**Listed records:**
☆ ☆ ☆
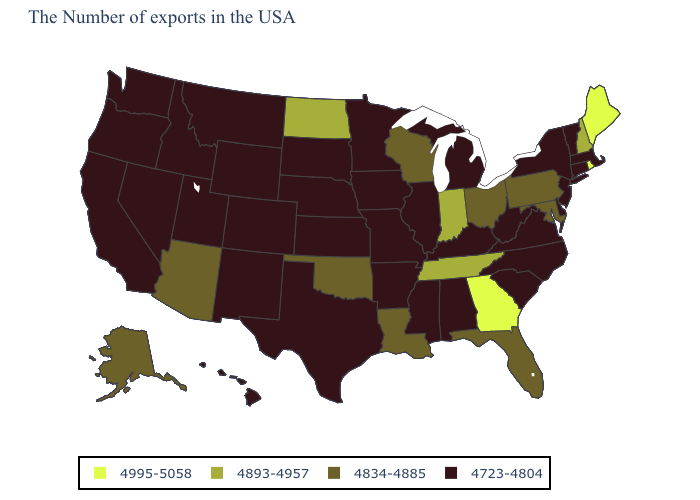Among the states that border Wyoming , which have the highest value?
Be succinct. Nebraska, South Dakota, Colorado, Utah, Montana, Idaho. What is the lowest value in states that border Iowa?
Write a very short answer. 4723-4804. What is the value of South Dakota?
Answer briefly. 4723-4804. What is the lowest value in the West?
Keep it brief. 4723-4804. What is the value of Alaska?
Concise answer only. 4834-4885. What is the highest value in the MidWest ?
Be succinct. 4893-4957. Name the states that have a value in the range 4723-4804?
Concise answer only. Massachusetts, Vermont, Connecticut, New York, New Jersey, Delaware, Virginia, North Carolina, South Carolina, West Virginia, Michigan, Kentucky, Alabama, Illinois, Mississippi, Missouri, Arkansas, Minnesota, Iowa, Kansas, Nebraska, Texas, South Dakota, Wyoming, Colorado, New Mexico, Utah, Montana, Idaho, Nevada, California, Washington, Oregon, Hawaii. Name the states that have a value in the range 4995-5058?
Keep it brief. Maine, Rhode Island, Georgia. What is the value of Rhode Island?
Short answer required. 4995-5058. What is the highest value in the South ?
Write a very short answer. 4995-5058. Among the states that border Pennsylvania , does Ohio have the highest value?
Short answer required. Yes. Is the legend a continuous bar?
Give a very brief answer. No. What is the highest value in the USA?
Keep it brief. 4995-5058. Name the states that have a value in the range 4834-4885?
Be succinct. Maryland, Pennsylvania, Ohio, Florida, Wisconsin, Louisiana, Oklahoma, Arizona, Alaska. 
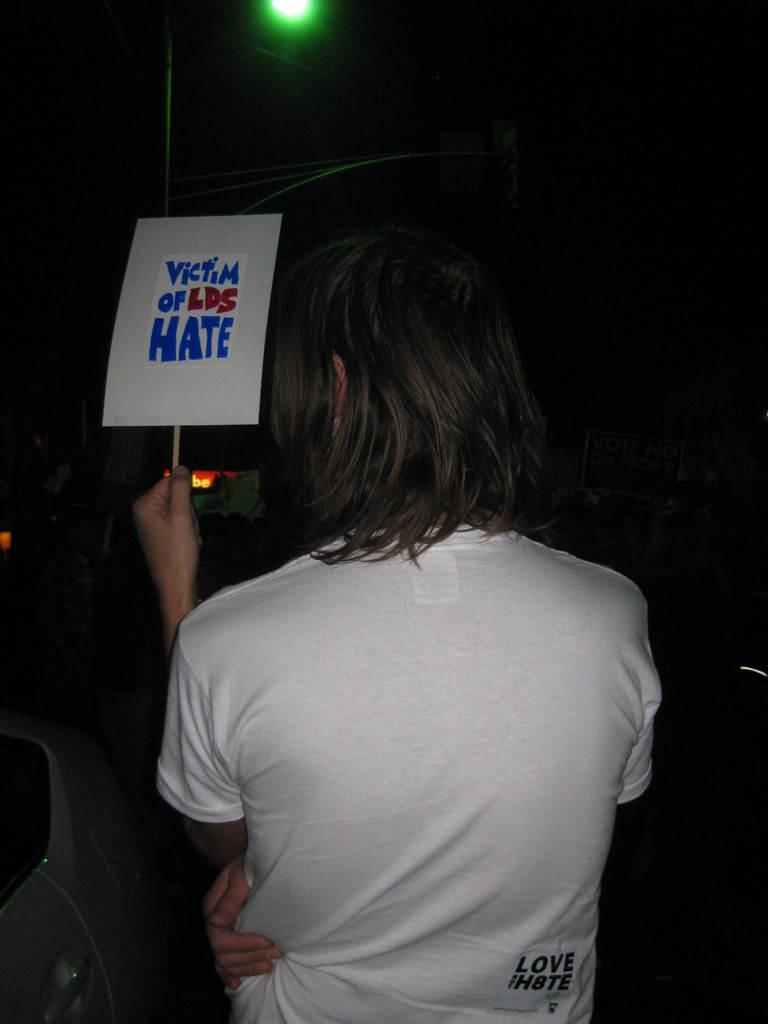What is the person in the image holding? The person is holding a poster in the image. What can be seen in front of the person? There is a light and some objects in front of the person. What is the lighting condition in the image? The background of the image is dark. How many beds can be seen in the image? There are no beds present in the image. What type of muscle is the person exercising in the image? There is no indication of exercise or muscle activity in the image.
☆ ☆ ☆
**Work item:** The records above need to be copied exactly, though not their pictures.

**Answer to this exercise:**
Among the states that border Wyoming , which have the highest value?
Be succinct. Nebraska, South Dakota, Colorado, Utah, Montana, Idaho. What is the lowest value in states that border Iowa?
Write a very short answer. 4723-4804. What is the value of South Dakota?
Answer briefly. 4723-4804. What is the lowest value in the West?
Keep it brief. 4723-4804. What is the value of Alaska?
Concise answer only. 4834-4885. What is the highest value in the MidWest ?
Be succinct. 4893-4957. Name the states that have a value in the range 4723-4804?
Concise answer only. Massachusetts, Vermont, Connecticut, New York, New Jersey, Delaware, Virginia, North Carolina, South Carolina, West Virginia, Michigan, Kentucky, Alabama, Illinois, Mississippi, Missouri, Arkansas, Minnesota, Iowa, Kansas, Nebraska, Texas, South Dakota, Wyoming, Colorado, New Mexico, Utah, Montana, Idaho, Nevada, California, Washington, Oregon, Hawaii. Name the states that have a value in the range 4995-5058?
Keep it brief. Maine, Rhode Island, Georgia. What is the value of Rhode Island?
Short answer required. 4995-5058. What is the highest value in the South ?
Write a very short answer. 4995-5058. Among the states that border Pennsylvania , does Ohio have the highest value?
Short answer required. Yes. Is the legend a continuous bar?
Give a very brief answer. No. What is the highest value in the USA?
Keep it brief. 4995-5058. Name the states that have a value in the range 4834-4885?
Be succinct. Maryland, Pennsylvania, Ohio, Florida, Wisconsin, Louisiana, Oklahoma, Arizona, Alaska. 
What is the person in the image holding? The person is holding a poster in the image. What can be seen in front of the person? There is a light and some objects in front of the person. What is the lighting condition in the image? The background of the image is dark. How many beds can be seen in the image? There are no beds present in the image. What type of muscle is the person exercising in the image? There is no indication of exercise or muscle activity in the image.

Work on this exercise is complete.